From the entries below, reproduce exactly the line containing "Now the small box (489,216,665,275).", the line containing "- small box [352, 308, 549, 492]", and every line in between, with nothing added.

Exercise input START

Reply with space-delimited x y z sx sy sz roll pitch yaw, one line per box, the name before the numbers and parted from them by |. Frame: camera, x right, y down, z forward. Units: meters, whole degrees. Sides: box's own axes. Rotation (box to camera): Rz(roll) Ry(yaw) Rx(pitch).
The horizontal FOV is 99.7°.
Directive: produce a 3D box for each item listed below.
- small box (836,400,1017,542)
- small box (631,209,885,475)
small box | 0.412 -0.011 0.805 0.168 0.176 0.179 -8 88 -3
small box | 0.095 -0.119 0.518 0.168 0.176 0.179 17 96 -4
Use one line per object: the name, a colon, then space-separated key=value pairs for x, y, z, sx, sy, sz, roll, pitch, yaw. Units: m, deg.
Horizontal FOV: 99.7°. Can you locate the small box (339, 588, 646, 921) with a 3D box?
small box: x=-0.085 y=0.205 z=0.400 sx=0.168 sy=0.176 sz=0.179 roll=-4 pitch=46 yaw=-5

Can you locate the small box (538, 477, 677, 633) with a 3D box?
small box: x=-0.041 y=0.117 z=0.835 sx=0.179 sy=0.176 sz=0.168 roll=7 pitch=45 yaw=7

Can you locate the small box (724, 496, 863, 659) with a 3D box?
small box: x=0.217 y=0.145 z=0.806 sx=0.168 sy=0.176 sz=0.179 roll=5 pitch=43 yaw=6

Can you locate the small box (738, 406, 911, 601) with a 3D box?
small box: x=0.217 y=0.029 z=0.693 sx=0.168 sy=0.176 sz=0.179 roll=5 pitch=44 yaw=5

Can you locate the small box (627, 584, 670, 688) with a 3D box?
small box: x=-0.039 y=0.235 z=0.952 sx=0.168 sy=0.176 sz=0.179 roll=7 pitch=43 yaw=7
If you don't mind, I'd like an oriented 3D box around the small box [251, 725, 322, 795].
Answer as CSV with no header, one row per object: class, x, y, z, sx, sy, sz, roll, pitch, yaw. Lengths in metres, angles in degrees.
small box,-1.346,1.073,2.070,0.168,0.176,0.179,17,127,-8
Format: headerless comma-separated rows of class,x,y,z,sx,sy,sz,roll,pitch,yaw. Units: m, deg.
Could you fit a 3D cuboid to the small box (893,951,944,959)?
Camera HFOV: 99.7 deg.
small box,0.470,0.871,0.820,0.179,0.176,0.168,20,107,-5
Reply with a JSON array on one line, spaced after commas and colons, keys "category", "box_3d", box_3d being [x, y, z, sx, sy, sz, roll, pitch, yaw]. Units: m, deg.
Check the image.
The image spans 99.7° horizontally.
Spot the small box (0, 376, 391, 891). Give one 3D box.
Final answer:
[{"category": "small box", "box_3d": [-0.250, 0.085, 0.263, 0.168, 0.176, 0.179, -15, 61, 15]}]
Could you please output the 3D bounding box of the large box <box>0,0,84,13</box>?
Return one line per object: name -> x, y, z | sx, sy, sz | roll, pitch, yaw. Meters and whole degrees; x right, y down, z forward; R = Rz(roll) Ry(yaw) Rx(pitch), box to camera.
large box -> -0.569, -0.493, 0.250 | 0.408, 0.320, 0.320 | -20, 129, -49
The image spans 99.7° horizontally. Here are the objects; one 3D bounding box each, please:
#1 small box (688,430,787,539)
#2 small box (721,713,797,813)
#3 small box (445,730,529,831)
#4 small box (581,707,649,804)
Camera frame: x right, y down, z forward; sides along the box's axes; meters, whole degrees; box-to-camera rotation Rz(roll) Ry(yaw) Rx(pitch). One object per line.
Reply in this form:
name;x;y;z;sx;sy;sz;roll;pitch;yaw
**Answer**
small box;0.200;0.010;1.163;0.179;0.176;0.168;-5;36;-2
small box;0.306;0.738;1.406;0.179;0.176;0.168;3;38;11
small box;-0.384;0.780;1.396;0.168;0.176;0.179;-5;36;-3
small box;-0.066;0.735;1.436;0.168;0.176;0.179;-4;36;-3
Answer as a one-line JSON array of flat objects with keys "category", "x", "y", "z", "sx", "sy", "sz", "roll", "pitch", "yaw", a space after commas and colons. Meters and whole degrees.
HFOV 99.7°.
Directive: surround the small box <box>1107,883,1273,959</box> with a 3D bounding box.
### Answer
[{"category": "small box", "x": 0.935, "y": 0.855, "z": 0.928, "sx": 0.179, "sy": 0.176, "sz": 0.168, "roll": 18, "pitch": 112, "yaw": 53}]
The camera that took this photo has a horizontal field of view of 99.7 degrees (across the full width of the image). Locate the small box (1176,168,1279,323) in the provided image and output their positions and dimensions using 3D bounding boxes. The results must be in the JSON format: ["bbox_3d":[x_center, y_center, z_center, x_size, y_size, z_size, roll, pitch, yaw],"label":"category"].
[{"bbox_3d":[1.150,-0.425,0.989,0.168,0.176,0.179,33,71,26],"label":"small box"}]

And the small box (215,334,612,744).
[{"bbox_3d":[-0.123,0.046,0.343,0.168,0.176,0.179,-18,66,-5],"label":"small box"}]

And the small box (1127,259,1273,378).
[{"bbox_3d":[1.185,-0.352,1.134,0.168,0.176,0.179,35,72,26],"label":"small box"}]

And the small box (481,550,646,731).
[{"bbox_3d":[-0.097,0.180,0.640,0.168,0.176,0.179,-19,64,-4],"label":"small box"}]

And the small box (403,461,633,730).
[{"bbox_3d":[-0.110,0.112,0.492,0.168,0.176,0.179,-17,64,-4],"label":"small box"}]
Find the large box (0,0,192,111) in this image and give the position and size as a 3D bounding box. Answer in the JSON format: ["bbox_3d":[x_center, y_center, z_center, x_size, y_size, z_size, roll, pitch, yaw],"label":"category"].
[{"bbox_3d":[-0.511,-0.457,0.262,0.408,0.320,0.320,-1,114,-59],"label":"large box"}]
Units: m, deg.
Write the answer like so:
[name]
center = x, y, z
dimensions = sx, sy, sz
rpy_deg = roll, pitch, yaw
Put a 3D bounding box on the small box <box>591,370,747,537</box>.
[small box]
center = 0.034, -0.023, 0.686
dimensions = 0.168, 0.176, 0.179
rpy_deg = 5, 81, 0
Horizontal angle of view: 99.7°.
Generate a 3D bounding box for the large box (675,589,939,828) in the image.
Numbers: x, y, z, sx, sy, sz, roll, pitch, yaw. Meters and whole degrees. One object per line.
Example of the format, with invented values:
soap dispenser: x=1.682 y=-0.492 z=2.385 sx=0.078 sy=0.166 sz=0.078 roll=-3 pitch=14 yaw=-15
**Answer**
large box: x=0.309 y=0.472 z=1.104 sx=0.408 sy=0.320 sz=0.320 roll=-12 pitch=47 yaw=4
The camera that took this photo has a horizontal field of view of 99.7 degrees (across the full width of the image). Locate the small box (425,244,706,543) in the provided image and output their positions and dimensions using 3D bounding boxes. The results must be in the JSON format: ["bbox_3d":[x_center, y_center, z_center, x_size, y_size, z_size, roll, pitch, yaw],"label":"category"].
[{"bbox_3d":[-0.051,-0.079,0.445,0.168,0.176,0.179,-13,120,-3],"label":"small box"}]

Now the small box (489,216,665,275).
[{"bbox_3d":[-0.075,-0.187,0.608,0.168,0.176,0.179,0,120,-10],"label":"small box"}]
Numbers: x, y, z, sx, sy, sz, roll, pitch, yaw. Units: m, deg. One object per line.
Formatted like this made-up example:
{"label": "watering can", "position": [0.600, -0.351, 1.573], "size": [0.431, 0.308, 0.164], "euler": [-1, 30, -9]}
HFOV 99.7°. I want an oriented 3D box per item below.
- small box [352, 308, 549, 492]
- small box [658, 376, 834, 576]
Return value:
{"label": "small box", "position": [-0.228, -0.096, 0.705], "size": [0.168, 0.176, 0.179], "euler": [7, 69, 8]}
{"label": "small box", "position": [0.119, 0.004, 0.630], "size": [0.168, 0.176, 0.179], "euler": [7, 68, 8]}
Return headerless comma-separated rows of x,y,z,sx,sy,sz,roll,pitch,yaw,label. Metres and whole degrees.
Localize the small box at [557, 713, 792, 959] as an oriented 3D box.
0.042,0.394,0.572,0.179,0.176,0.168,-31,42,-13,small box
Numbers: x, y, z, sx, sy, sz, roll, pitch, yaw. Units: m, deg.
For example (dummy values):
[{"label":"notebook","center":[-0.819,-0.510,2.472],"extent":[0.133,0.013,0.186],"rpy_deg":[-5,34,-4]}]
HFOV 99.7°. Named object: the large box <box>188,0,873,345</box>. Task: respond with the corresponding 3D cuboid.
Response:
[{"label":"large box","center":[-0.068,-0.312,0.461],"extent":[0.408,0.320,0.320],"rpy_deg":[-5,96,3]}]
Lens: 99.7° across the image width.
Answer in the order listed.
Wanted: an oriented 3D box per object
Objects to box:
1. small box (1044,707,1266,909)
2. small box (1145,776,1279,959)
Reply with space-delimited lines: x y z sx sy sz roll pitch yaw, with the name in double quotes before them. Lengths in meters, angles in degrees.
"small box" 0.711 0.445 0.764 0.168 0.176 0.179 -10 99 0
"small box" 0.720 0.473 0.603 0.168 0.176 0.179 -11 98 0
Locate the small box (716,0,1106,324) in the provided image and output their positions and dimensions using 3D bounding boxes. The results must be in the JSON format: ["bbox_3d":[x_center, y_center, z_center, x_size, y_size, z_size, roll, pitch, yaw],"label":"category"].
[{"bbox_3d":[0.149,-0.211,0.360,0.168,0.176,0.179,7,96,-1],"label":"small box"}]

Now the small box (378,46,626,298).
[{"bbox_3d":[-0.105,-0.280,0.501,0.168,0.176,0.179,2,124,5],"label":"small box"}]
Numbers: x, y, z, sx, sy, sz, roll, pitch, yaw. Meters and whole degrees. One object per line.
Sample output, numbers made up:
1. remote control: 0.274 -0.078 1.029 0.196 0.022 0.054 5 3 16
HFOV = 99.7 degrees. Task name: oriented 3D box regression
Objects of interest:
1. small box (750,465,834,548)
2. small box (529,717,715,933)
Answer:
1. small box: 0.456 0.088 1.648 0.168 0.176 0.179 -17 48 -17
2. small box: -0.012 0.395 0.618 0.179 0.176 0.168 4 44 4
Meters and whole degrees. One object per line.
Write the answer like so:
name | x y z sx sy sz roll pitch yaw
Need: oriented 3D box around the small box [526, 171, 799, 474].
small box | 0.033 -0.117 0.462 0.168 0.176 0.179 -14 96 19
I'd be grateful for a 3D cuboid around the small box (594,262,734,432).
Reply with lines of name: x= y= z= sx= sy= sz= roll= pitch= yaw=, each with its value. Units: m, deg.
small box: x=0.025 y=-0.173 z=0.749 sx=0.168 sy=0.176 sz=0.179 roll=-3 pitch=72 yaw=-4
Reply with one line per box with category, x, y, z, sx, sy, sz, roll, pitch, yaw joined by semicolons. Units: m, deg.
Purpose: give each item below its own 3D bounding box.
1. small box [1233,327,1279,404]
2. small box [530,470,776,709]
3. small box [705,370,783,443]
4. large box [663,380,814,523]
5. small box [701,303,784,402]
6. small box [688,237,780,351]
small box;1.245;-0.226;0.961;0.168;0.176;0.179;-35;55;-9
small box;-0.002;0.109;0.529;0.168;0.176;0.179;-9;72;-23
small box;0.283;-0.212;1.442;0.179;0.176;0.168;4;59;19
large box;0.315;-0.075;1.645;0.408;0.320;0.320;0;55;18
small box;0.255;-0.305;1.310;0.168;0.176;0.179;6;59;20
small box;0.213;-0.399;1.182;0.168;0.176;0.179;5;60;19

Exercise input END

**Answer to the problem:**
Now the small box (489,216,665,275).
[{"bbox_3d":[-0.075,-0.187,0.608,0.168,0.176,0.179,0,120,-10],"label":"small box"}]
Numbers: x, y, z, sx, sy, sz, roll, pitch, yaw. Units: m, deg. One object per line.
Formatted like this made-up example:
{"label": "watering can", "position": [0.600, -0.351, 1.573], "size": [0.431, 0.308, 0.164], "euler": [-1, 30, -9]}
HFOV 99.7°. I want an oriented 3D box per item below.
- small box [352, 308, 549, 492]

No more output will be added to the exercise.